Sophie works on the Human Cell Atlas project, using some of the latest techniques in spatial transcriptomics to look at the active genes in a cell in situ and map out every cell type in the human body4.
“I really love the imaging side of my work,” Sophie said. Part of her job involves staining tissues with coloured probes, to show where different genes are active. She uses RNAscope technology to look at specific genes, or Visium to look at all the genes active within a tissue. Researchers have only developed the techniques in the last few years. The team is currently working on scaling up their throughput, so hundreds of tissues can be processed per year.
“Collaborating with so many researchers here is great. We meet before starting any work to discuss a project. We often see things in different ways, coming from different angles, and work together to get the best results,” Sophie said.
Research and development
The CGaP team also undertakes research and development. “It’s an important part of our work,” says Laura. “If something isn’t working, we troubleshoot.
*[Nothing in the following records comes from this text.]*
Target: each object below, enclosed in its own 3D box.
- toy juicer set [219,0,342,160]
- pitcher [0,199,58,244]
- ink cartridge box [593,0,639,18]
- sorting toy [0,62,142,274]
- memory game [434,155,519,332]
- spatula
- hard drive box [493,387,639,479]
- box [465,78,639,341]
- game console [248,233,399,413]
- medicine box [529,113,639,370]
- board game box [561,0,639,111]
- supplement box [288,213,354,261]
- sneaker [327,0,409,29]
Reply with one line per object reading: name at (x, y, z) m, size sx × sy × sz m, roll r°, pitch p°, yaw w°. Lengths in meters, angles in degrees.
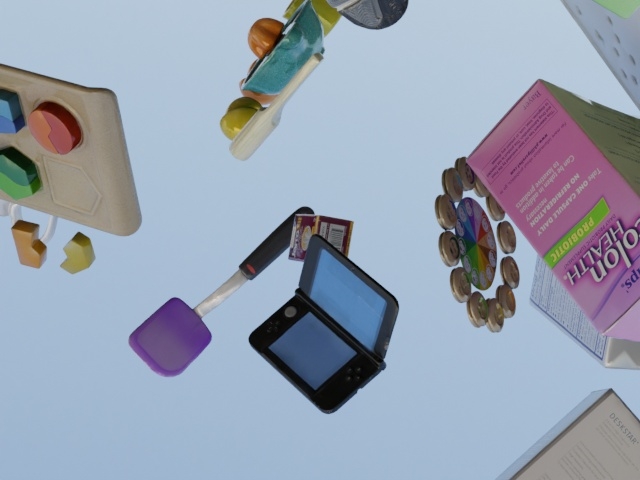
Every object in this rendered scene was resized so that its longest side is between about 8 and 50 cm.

We do a lot of optimisation to improve techniques, culture methods and assays to make delivery of the projects faster, cheaper and safer.
“For the organoids project we currently work on three cancer types, but the aim is to expand to cover more. This requires research and development to work up protocols for growing these. For example, we’ve just received our first few samples of ovarian ascites fluid, and we’re currently working to create models of ovarian cancer.”
“When we’re setting up new tissue types or workflows we get everyone involved together. We get to meet clinicians, the nurses who take samples, the researchers who are using the data. It’s important to see how everything fits together.”
Staff in CGaP have taken various paths before joining the department; some straight from an undergraduate degree, others following a Masters or PhD, and others from working in the NHS.
They all enjoy working in the bustling lab surroundings, and all mentioned the friendly atmosphere. Emily said, “In CGaP there is a great team format, and a really nice family feel to working.”